On January 21, 2019 at 12:24, Ernie Gilman said...
Re my comment that doubling a wire gives you about the same resistance as a wire three numbers smaller (wire diameter larger, numbers smaller).
I was remembering a similar discussion from some time ago. No, I didn't look and haven't looked for more than a year. But here's what I found upon looking:
My chart says the resistances of these wires are this:
24 gauge, 25.67 ohms per thousand feet
21 gauge, 12.8
18 gauge, 6.385
I claimed that two 24s in parallel have a resistance almost exactly the same as a 21 gauge wire. From the numbers above, two 24s in parallel have a resistance of 25.67/2 = 12.835 ohms per thousand feet.

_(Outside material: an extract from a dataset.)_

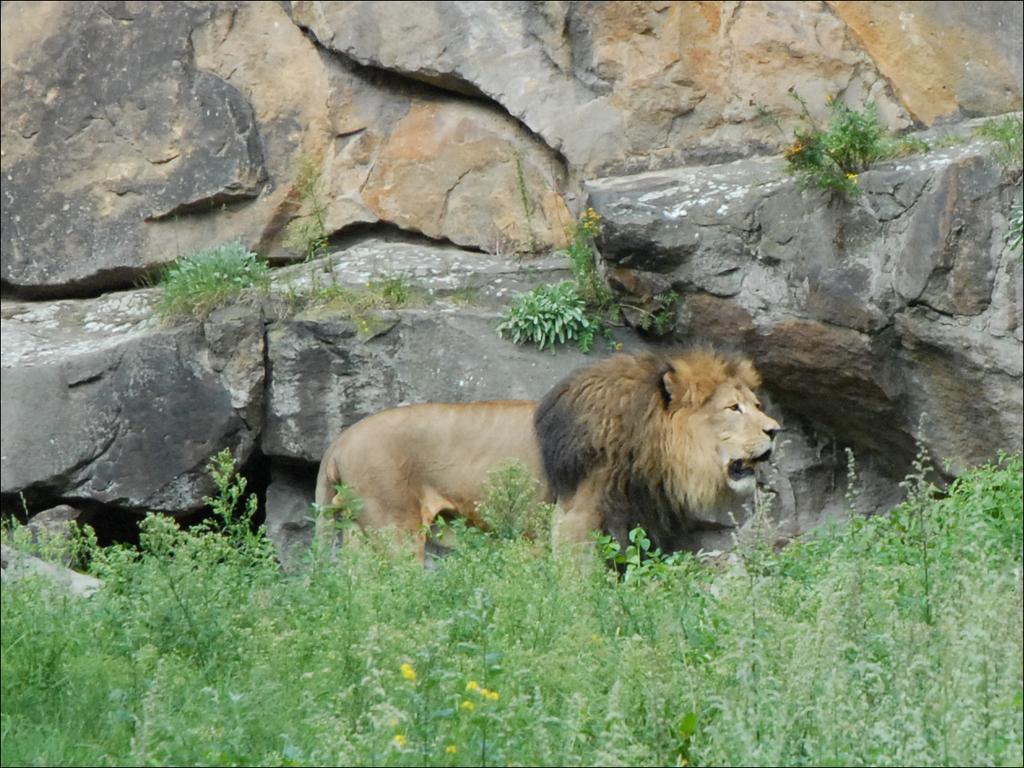In one or two sentences, can you explain what this image depicts? In this image we can see a lion. There are plants at the bottom of the image. In the background, we can see the rocks.

I said that two of these paralleled pairs of 24s would have a resistance nearly the same as an 18 gauge wire. Two wires of 12.835 ohms in parallel have a resistance of 12.835/2 = 6.4175 ohms per thousand feet.
Those numbers are very very very close, close. Aren't they?
I think you understood me to mean something else. What did you think I was saying?
That's well known- why go into such detail when it's shown in the chart?
Because red herrings swim sideways. What does this have to do with the discussion? I assume you mean connecting two power amps to one load; this will cause interaction between the output stages that would likely damage the amplifiers, so it's not worth thinking about.
You assume too much and here, you assume incorrectly.
Yes, I saw that comment, and I wrote this. Perhaps we should both read everything:
I missed one point -- if one supply is underrated for the job, then yes, a power supply that can do the job will work better. That has nothing to do with robustness. A robust supply might be one that can survive a short circuit, after all, which is not an issue here.
Robust would also mean it can handle high demand without failure, but it doesn't need to be a dead short.
However, Highfig's suggestion of putting a battery there is BY FAR the better idea:
*Trickle charging, even on one 24 GA wire, (I said one wire instead of one pair because all the circuit grounds would be tied together) would be 24 hours per day with no large currents
*the battery would easily always be able to supply several amperes for several minutes, way beyond what's required to pop a solenoid.
Years ago in car audio we experienced the benefits of adding huge capacitors, in that if large enough, they almost behave like batteries. Batteries would be even better here.
The demo I saw in about 1982, around the time stiffening caps began to be used widely for car audio had a cap connected to a light bulb and a battery connected to another, with a voltmeter and ammeter connected to each. The current needed for the bulbs was fairly high and it was a decent demo of peak power demand and how each would supply what was needed in order to maintain output and supply voltage. The battery won, easily. IIRC, three paralleled half Farad caps were needed to match the ability of the battery.